The Customer and Order classes are simple POCOs that I’ve defined for this demo, with JsonProperty attributes to convert our properties to camelCase for the documents stored in Cosmos DB:

public class Customer
{
    [JsonProperty("id")]
    public string Id { get; set; }
    [JsonProperty("customerId")]
    public string CustomerId { get; set; }
    [JsonProperty("name")]
    public string Name { get; set; }
    [JsonProperty("orderCount")]
    public int OrderCount { get; set; }
}

public class Order
{
    [JsonProperty("id")]
    public string Id { get; set; }
    [JsonProperty("customerId")]
    public string CustomerId { get; set; }
    [JsonProperty("item")]
    public string Item { get; set; }
    [JsonProperty("quantity")]
    public int Quantity { get; set; }
}

Both objects have an ID of course, as well as the customer ID which is the partition key. The new customer document has the same value for both its ID and customer ID, while the two new order documents have IDs that are unique to each order belonging to the same customer (order1 and order2 in this case). And of course, all three documents have the same partition key in the customer ID property, cust1.

Now that we’ve got our three objects, we call CreateTransactionalBatch on the container, supply the partition key, and chain one CreateItem method after another for each of the three documents:

var container = Shared.Client.GetContainer("myDatabase", "batchDemo");

var batch = container.CreateTransactionalBatch(new PartitionKey("cust1"))
    .CreateItem(newCustomerDoc)
    .CreateItem(newOrderDoc1)
    .CreateItem(newOrderDoc2);

Alright, that gives us a transactional batch, that we can now execute by calling passing it to ExecuteBatch:

await ExecuteBatch(batch);

Here’s the code for ExecuteBatch, and you can see that it’s pretty simple:

private static async Task ExecuteBatch(TransactionalBatch batch)
{
    var batchResponse = await batch.ExecuteAsync();

    using (batchResponse)
    {
        if (batchResponse.IsSuccessStatusCode)
        {
            Console.WriteLine("Transcational batch succeeded");
            for (var i = 0; i < batchResponse.Count; i++)
            {
                var result = batchResponse.GetOperationResultAtIndex<dynamic>(i);
                Console.WriteLine($"Document {i + 1}:");
                Console.WriteLine(result.Resource);
            }
        }
        else
        {
            Console.WriteLine("Transcational batch failed");
            for (var i = 0; i < batchResponse.Count; i++)
            {
                var result = batchResponse.GetOperationResultAtIndex<dynamic>(i);
                Console.WriteLine($"Document {i + 1}: {result.StatusCode}");
            }
        }
    }
}

We just call ExecuteAsync on the batch, and check the response for success.

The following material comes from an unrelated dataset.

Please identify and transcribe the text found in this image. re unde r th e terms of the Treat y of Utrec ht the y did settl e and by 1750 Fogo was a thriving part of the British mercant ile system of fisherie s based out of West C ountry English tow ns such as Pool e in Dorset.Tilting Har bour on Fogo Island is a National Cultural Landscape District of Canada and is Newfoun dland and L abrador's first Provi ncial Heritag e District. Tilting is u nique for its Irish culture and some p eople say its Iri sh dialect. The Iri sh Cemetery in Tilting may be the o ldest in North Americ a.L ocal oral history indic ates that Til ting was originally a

Remember, it’s an all or nothing transaction, so we’ll either have three new documents, or no new documents. In this case, the transaction succeeds, so we can iterate the response and call GetOperationResultAtIndex to get back each new document. Here in the container, you can see the three new documents.

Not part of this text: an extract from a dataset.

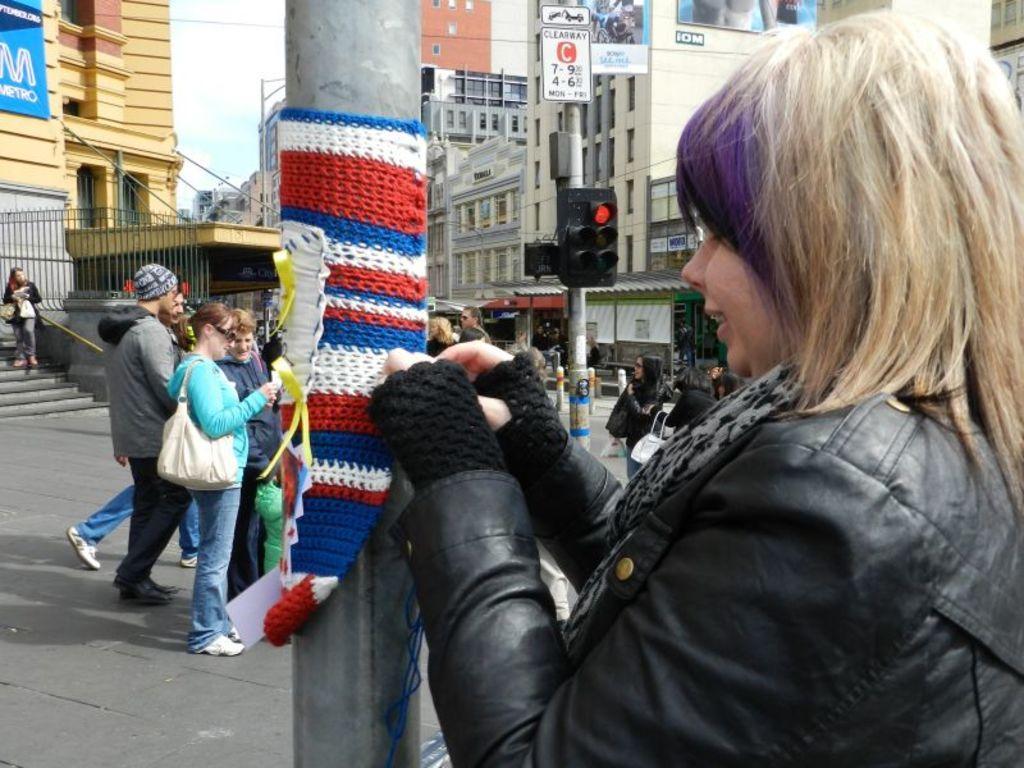Can you describe this image briefly? In this image there are buildings, poles, signal lights, boards, hoardings, railing, steps, people, sky and objects. People wore jackets. Near them there are objects. In the front of the image I can see woolen cloth is on the pole. Something is written on the boards and hoardings. 

Notice that we’ve got an orderCount property in the customer document, showing two orders for John Doe. This right here is a bit of denormalization, where we always know how many orders a customer has without having to run a separate count query on their order documents. We’ll always increment this orderCount in the customer document, any time we create a new order for that customer, so it’s really important to make sure that those operations are always performed using a transaction.

Let’s create a third order for this customer. First, we’ll read the customer document by calling ReadItemAsync, which needs the ID and partition key for the customer – and again, for a customer document, that’s the same value for both, cust1. Then we’ll increment that orderCount property (we know that current value is 2 right now, so this increments it to 3):

var container = Shared.Client.GetContainer("myDatabase", "batchdemo");
var result = await container.ReadItemAsync<Customer>("cust1", new PartitionKey("cust1"));
var existingCustomerDoc = result.Resource;
existingCustomerDoc.OrderCount++;

Finally, we’ll create the new order document for three Surface mice.

var newOrderDoc = new Order { Id = "order3", CustomerId = "cust1", Item = "Surface Mouse", Quantity = 3 };

OK, let’s create another transactional batch. This time we’re doing a ReplaceItem for the existing customer document, along with a CreateItem for the new order document.

var batch = container.CreateTransactionalBatch(new PartitionKey(customerId))
    .ReplaceItem(existingCustomerDoc.Id, existingCustomerDoc)
    .CreateItem(newOrderDoc);

Now let’s call ExecuteBatch once again to run this transaction.

await ExecuteBatch(batch);

This batch also succeeds. And back in the portal, sure enough, the order count in the customer document is now three, to match the three order documents:

Alright, now let’s make the transaction fail with a bad order.

Once again, we get the customer document by calling ReadItemAsync with the same customer ID for the document’s ID and partition key. And then, once again, increment the orderCount, this time changing it from 3 to 4.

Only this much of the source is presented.